What the task asks => The records below must be copied in full; omit the images.

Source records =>
---*---

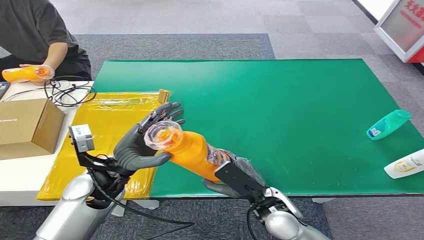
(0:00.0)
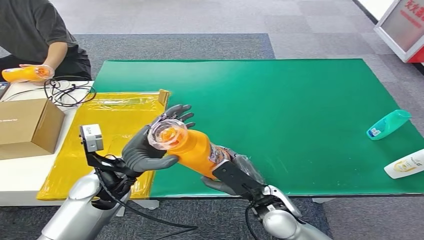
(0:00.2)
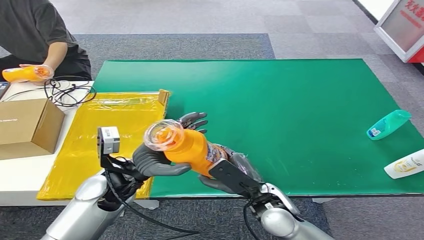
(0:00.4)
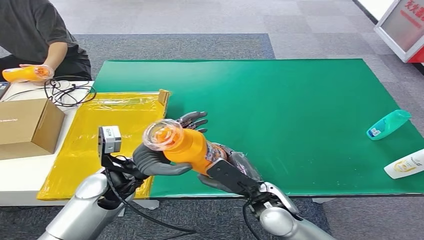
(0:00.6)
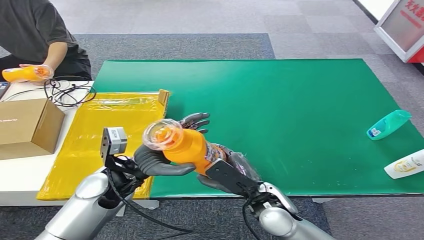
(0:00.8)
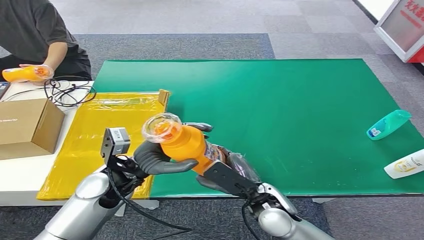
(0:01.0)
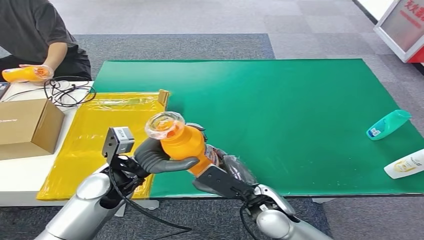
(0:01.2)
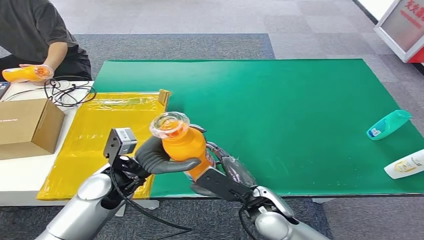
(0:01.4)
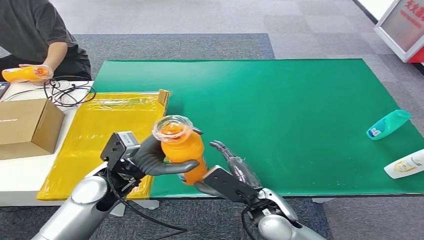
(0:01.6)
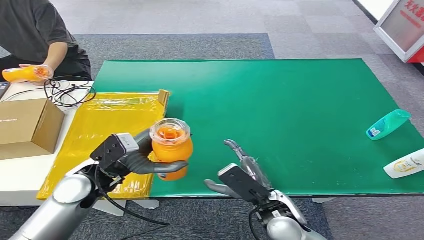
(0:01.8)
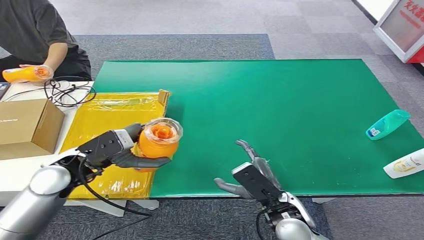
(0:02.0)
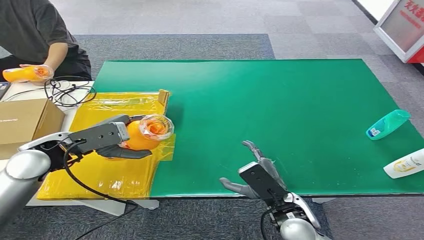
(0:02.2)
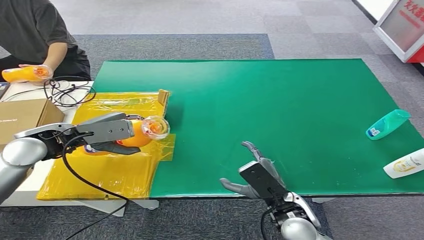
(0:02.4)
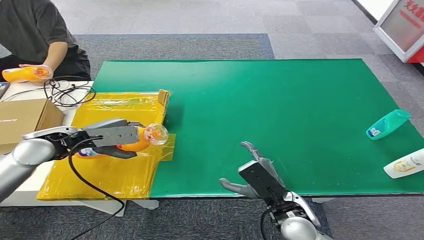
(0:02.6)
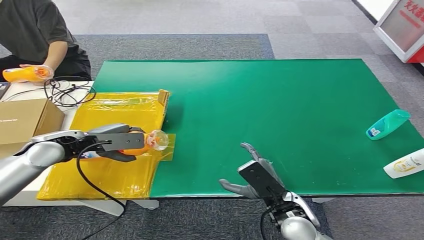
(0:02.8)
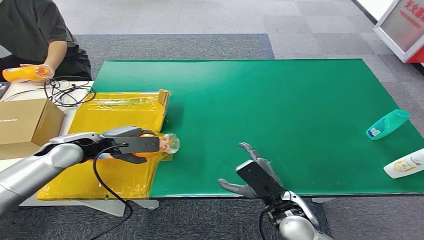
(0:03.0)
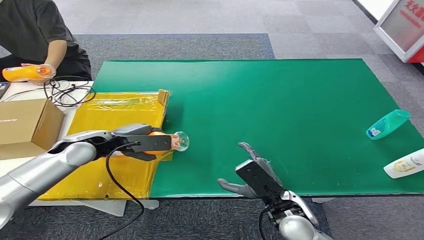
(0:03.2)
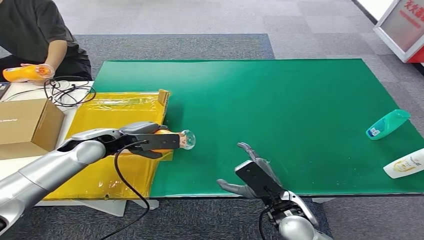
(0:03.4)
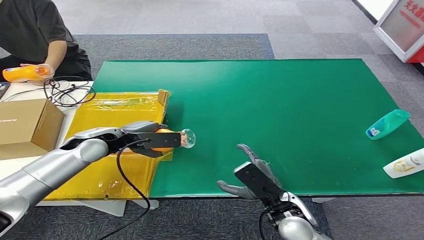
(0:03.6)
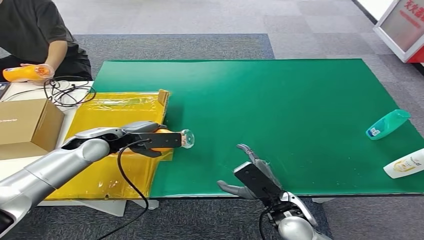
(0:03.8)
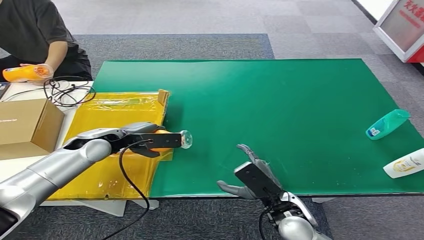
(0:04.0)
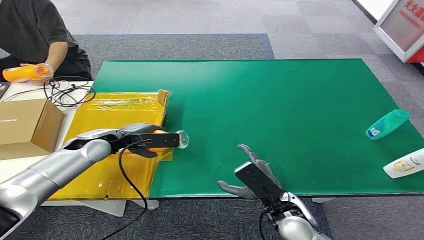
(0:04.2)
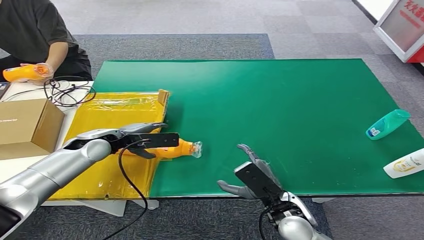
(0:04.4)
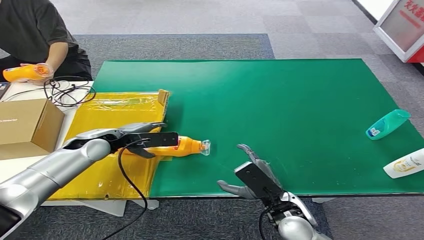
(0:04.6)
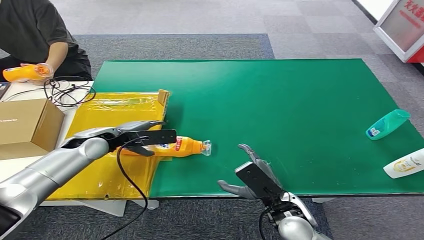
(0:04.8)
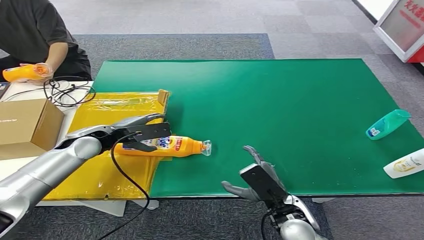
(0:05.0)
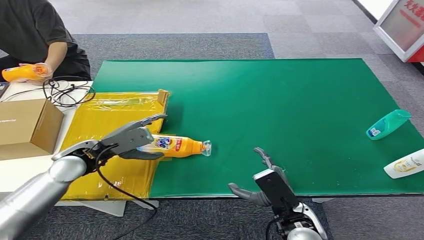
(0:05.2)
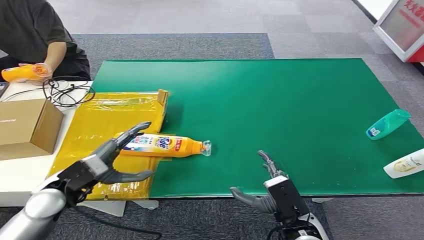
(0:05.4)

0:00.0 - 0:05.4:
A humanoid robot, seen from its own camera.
Step, 0:00.0 - 0:05.2: Turn the bottle to the front side.
0:00.0 - 0:01.4: There are only small adjustments of the hands.
0:01.4 - 0:02.8: The right hand goes approximately 5 cm to the right; the left hand goes about 20 cm to the left, forward and upward.
0:02.8 - 0:04.0: The left hand is displaced to the right by roughly 10 cm.
0:04.0 - 0:05.4: The left hand moves backward, approximately 15 cm. Meanwhile the right hand ends up about 5 cm from where it was.

---*---

Answer box =>
(0:00.0)
(0:00.2)
(0:00.4)
(0:00.6)
(0:00.8)
(0:01.0)
(0:01.2)
(0:01.4)
(0:01.6)
(0:01.8)
(0:02.0)
(0:02.2)
(0:02.4)
(0:02.6)
(0:02.8)
(0:03.0)
(0:03.2)
(0:03.4)
(0:03.6)
(0:03.8)
(0:04.0)
(0:04.2)
(0:04.4)
(0:04.6)
(0:04.8)
(0:05.0)
(0:05.2)
(0:05.4)

0:00.0 - 0:05.4:
A humanoid robot, seen from its own camera.
Step, 0:00.0 - 0:05.2: Turn the bottle to the front side.
0:00.0 - 0:01.4: There are only small adjustments of the hands.
0:01.4 - 0:02.8: The right hand goes approximately 5 cm to the right; the left hand goes about 20 cm to the left, forward and upward.
0:02.8 - 0:04.0: The left hand is displaced to the right by roughly 10 cm.
0:04.0 - 0:05.4: The left hand moves backward, approximately 15 cm. Meanwhile the right hand ends up about 5 cm from where it was.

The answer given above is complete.